Monday, Dec. 31, 1979
Sugarplums, humbug! After covering the pre-Christmas offerings at some of the world's finest auction houses for this week's cover story on the "collectibles" craze, several TIME collectors had visions of something more elaborate dancing in their heads. Their Christmas lists follow.
Senior Writer Michael Demarest, who wrote the story on the growing rage to collect everything from Bruegels to Barbie dolls, is a traditionalist in these matters. "A Louis XV marquetry cabinet would be nice," he says, "though I would be quite content to receive a second painting by Jack Yeats [Poet William Butler Yeats' brother] to go with the one I have." Demarest began covering the auction scene--and, inevitably, acquiring some treasures for himself--while stationed in TIME'S London bureau from 1958 to 1961. "It was convenient," he says, "and I got very good advice. Sotheby's was around the corner from our offices, and its chairman, Peter Wilson, used to lunch at TIME'S cafeteria."
Reporter-Researcher Georgia Harbison, who interviewed the owners and patrons of Manhattan's top auction houses, shares Demarest's taste for fine art. "Chinese lacquer chests interest me, and so do impressionist paintings. I wouldn't mind getting a Renoir for Christmas. It can be a very small one."

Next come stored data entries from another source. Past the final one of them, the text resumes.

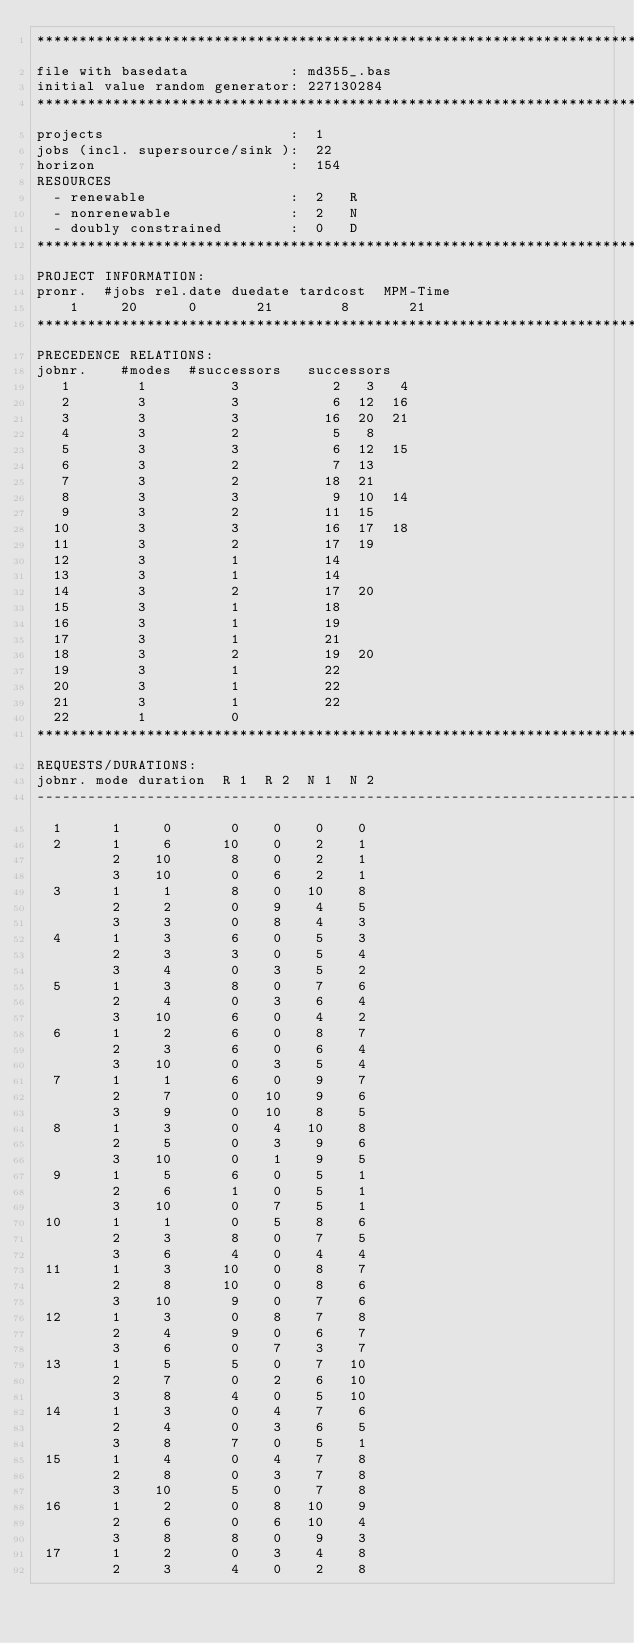Convert code to text. <code><loc_0><loc_0><loc_500><loc_500><_ObjectiveC_>************************************************************************
file with basedata            : md355_.bas
initial value random generator: 227130284
************************************************************************
projects                      :  1
jobs (incl. supersource/sink ):  22
horizon                       :  154
RESOURCES
  - renewable                 :  2   R
  - nonrenewable              :  2   N
  - doubly constrained        :  0   D
************************************************************************
PROJECT INFORMATION:
pronr.  #jobs rel.date duedate tardcost  MPM-Time
    1     20      0       21        8       21
************************************************************************
PRECEDENCE RELATIONS:
jobnr.    #modes  #successors   successors
   1        1          3           2   3   4
   2        3          3           6  12  16
   3        3          3          16  20  21
   4        3          2           5   8
   5        3          3           6  12  15
   6        3          2           7  13
   7        3          2          18  21
   8        3          3           9  10  14
   9        3          2          11  15
  10        3          3          16  17  18
  11        3          2          17  19
  12        3          1          14
  13        3          1          14
  14        3          2          17  20
  15        3          1          18
  16        3          1          19
  17        3          1          21
  18        3          2          19  20
  19        3          1          22
  20        3          1          22
  21        3          1          22
  22        1          0        
************************************************************************
REQUESTS/DURATIONS:
jobnr. mode duration  R 1  R 2  N 1  N 2
------------------------------------------------------------------------
  1      1     0       0    0    0    0
  2      1     6      10    0    2    1
         2    10       8    0    2    1
         3    10       0    6    2    1
  3      1     1       8    0   10    8
         2     2       0    9    4    5
         3     3       0    8    4    3
  4      1     3       6    0    5    3
         2     3       3    0    5    4
         3     4       0    3    5    2
  5      1     3       8    0    7    6
         2     4       0    3    6    4
         3    10       6    0    4    2
  6      1     2       6    0    8    7
         2     3       6    0    6    4
         3    10       0    3    5    4
  7      1     1       6    0    9    7
         2     7       0   10    9    6
         3     9       0   10    8    5
  8      1     3       0    4   10    8
         2     5       0    3    9    6
         3    10       0    1    9    5
  9      1     5       6    0    5    1
         2     6       1    0    5    1
         3    10       0    7    5    1
 10      1     1       0    5    8    6
         2     3       8    0    7    5
         3     6       4    0    4    4
 11      1     3      10    0    8    7
         2     8      10    0    8    6
         3    10       9    0    7    6
 12      1     3       0    8    7    8
         2     4       9    0    6    7
         3     6       0    7    3    7
 13      1     5       5    0    7   10
         2     7       0    2    6   10
         3     8       4    0    5   10
 14      1     3       0    4    7    6
         2     4       0    3    6    5
         3     8       7    0    5    1
 15      1     4       0    4    7    8
         2     8       0    3    7    8
         3    10       5    0    7    8
 16      1     2       0    8   10    9
         2     6       0    6   10    4
         3     8       8    0    9    3
 17      1     2       0    3    4    8
         2     3       4    0    2    8</code> 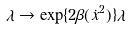Convert formula to latex. <formula><loc_0><loc_0><loc_500><loc_500>\lambda \rightarrow \exp \{ 2 \beta ( \dot { x } ^ { 2 } ) \} \lambda</formula> 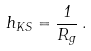<formula> <loc_0><loc_0><loc_500><loc_500>h _ { K S } = \frac { 1 } { R _ { g } } \, .</formula> 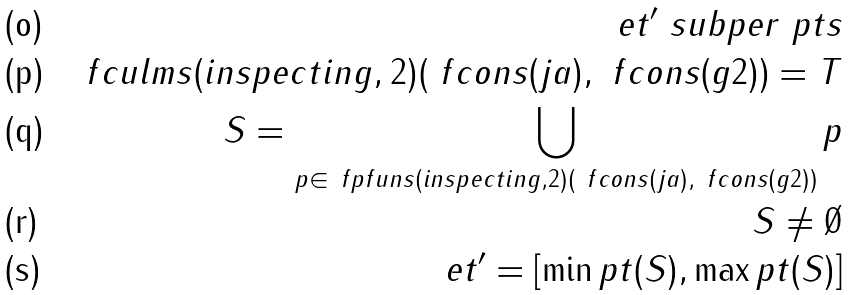<formula> <loc_0><loc_0><loc_500><loc_500>e t ^ { \prime } \ s u b p e r \ p t s \\ \ f c u l m s ( i n s p e c t i n g , 2 ) ( \ f c o n s ( j a ) , \ f c o n s ( g 2 ) ) = T \\ S = \bigcup _ { p \in \ f p f u n s ( i n s p e c t i n g , 2 ) ( \ f c o n s ( j a ) , \ f c o n s ( g 2 ) ) } p \\ S \not = \emptyset \\ e t ^ { \prime } = [ \min p t ( S ) , \max p t ( S ) ]</formula> 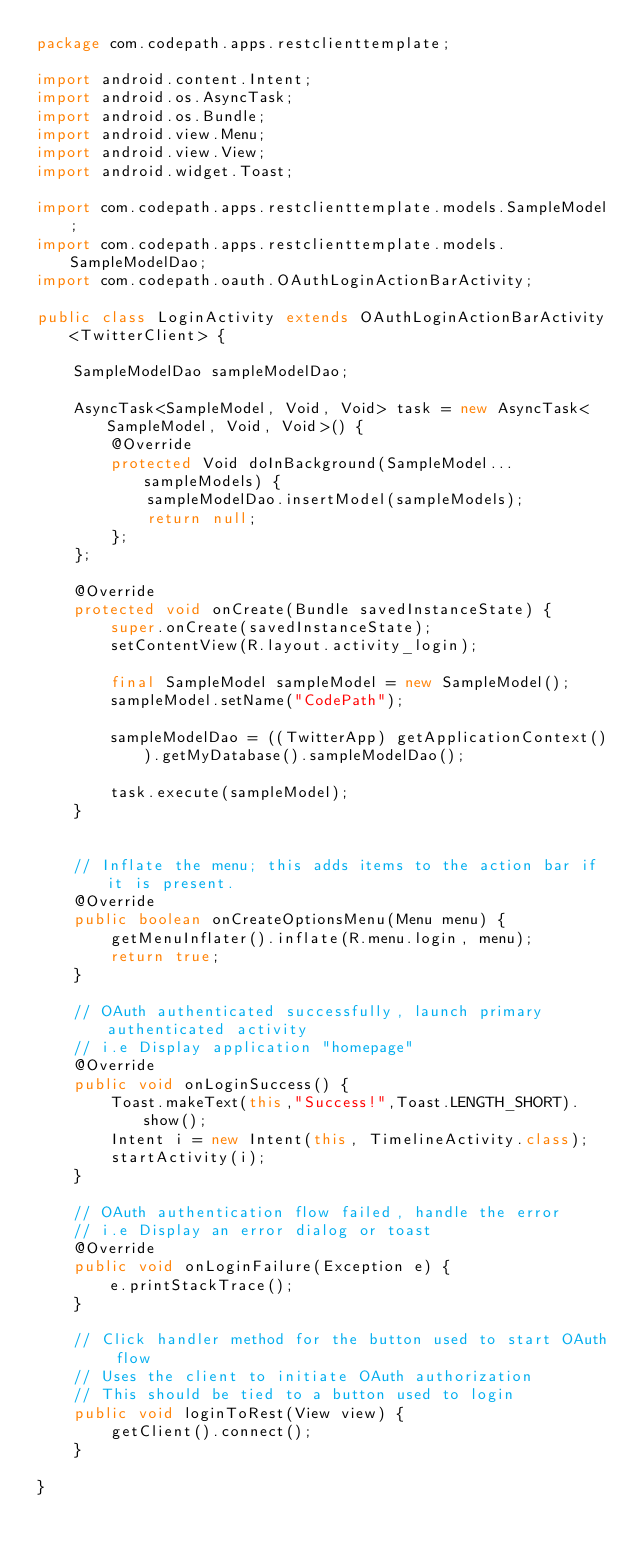<code> <loc_0><loc_0><loc_500><loc_500><_Java_>package com.codepath.apps.restclienttemplate;

import android.content.Intent;
import android.os.AsyncTask;
import android.os.Bundle;
import android.view.Menu;
import android.view.View;
import android.widget.Toast;

import com.codepath.apps.restclienttemplate.models.SampleModel;
import com.codepath.apps.restclienttemplate.models.SampleModelDao;
import com.codepath.oauth.OAuthLoginActionBarActivity;

public class LoginActivity extends OAuthLoginActionBarActivity<TwitterClient> {

	SampleModelDao sampleModelDao;

	AsyncTask<SampleModel, Void, Void> task = new AsyncTask<SampleModel, Void, Void>() {
		@Override
		protected Void doInBackground(SampleModel... sampleModels) {
			sampleModelDao.insertModel(sampleModels);
			return null;
		};
	};

	@Override
	protected void onCreate(Bundle savedInstanceState) {
		super.onCreate(savedInstanceState);
		setContentView(R.layout.activity_login);

		final SampleModel sampleModel = new SampleModel();
		sampleModel.setName("CodePath");

		sampleModelDao = ((TwitterApp) getApplicationContext()).getMyDatabase().sampleModelDao();

		task.execute(sampleModel);
	}


	// Inflate the menu; this adds items to the action bar if it is present.
	@Override
	public boolean onCreateOptionsMenu(Menu menu) {
		getMenuInflater().inflate(R.menu.login, menu);
		return true;
	}

	// OAuth authenticated successfully, launch primary authenticated activity
	// i.e Display application "homepage"
	@Override
	public void onLoginSuccess() {
		Toast.makeText(this,"Success!",Toast.LENGTH_SHORT).show();
		Intent i = new Intent(this, TimelineActivity.class);
		startActivity(i);
	}

	// OAuth authentication flow failed, handle the error
	// i.e Display an error dialog or toast
	@Override
	public void onLoginFailure(Exception e) {
		e.printStackTrace();
	}

	// Click handler method for the button used to start OAuth flow
	// Uses the client to initiate OAuth authorization
	// This should be tied to a button used to login
	public void loginToRest(View view) {
		getClient().connect();
	}

}
</code>

Some of those who worked on the story were knowledgeably specific in their selections. "An intact Jaipur vase to replace one cracked en route from the Far East," requests Chicago Orientalia Buff Pat Delaney, who covered the Midwest auction scene. Erik Amfitheatrof, who interviewed directors of Sotheby's and Christie's in London--and who began buying Japanese art while reporting from Tokyo in the 1960s--dreams of finding the Hiroshige print White Rain at Shono under his Christmas tree. "Alas, my chances are slim," he admits. "It was auctioned at Christie's New York this year for $13,000." But no art, thank you, for Art Critic Robert Hughes, who wrote this week's Essay on collecting. Says Hughes, who has received his share of free samples from would-be-but-weren't Picassos: "I'll accept anything anybody chooses to give me, except unsolicited artwork."
Meanwhile, we at TIME hope you find the objects of art you dream of when you open your Christmas packages--and wish you the best for the holiday season.